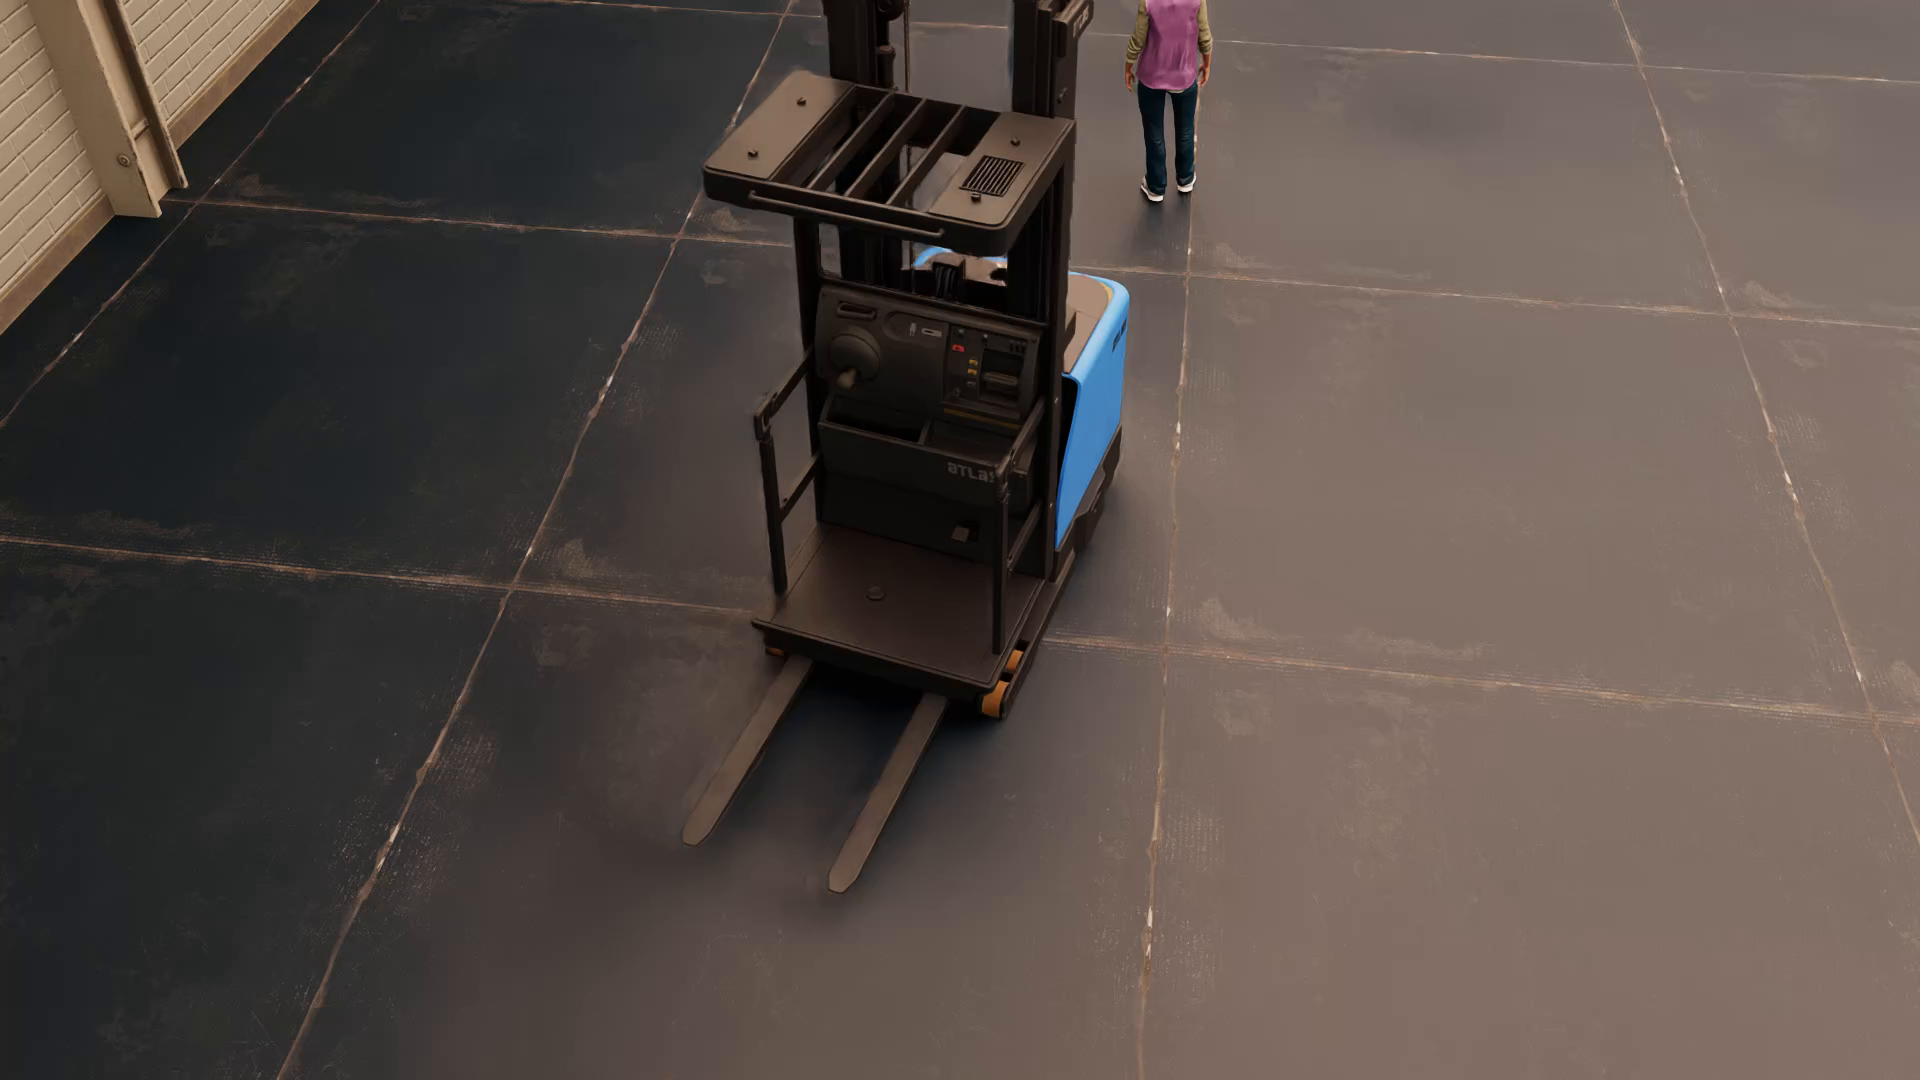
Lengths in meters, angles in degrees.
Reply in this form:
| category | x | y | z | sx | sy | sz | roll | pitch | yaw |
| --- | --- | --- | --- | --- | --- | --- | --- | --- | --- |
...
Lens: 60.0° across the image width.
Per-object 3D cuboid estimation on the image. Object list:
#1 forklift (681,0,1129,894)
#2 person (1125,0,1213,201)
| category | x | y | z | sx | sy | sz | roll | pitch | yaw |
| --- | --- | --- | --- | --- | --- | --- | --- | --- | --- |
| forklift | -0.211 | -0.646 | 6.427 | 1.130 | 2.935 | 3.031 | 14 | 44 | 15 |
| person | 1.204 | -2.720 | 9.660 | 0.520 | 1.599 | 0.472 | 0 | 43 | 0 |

* * * * * * * * *

*EXERCISE REQUIREMENTS*. Write the records out exactly, dropping every image.

*RESULT BELOW*.
Lengths in meters, angles in degrees.
Reply in this form:
| category | x | y | z | sx | sy | sz | roll | pitch | yaw |
| --- | --- | --- | --- | --- | --- | --- | --- | --- | --- |
...
Lens: 60.0° across the image width.
Per-object 3D cuboid estimation on the image. Object list:
#1 forklift (681,0,1129,894)
#2 person (1125,0,1213,201)
| category | x | y | z | sx | sy | sz | roll | pitch | yaw |
| --- | --- | --- | --- | --- | --- | --- | --- | --- | --- |
| forklift | -0.211 | -0.646 | 6.427 | 1.130 | 2.935 | 3.031 | 14 | 44 | 15 |
| person | 1.204 | -2.720 | 9.660 | 0.520 | 1.599 | 0.472 | 0 | 43 | 0 |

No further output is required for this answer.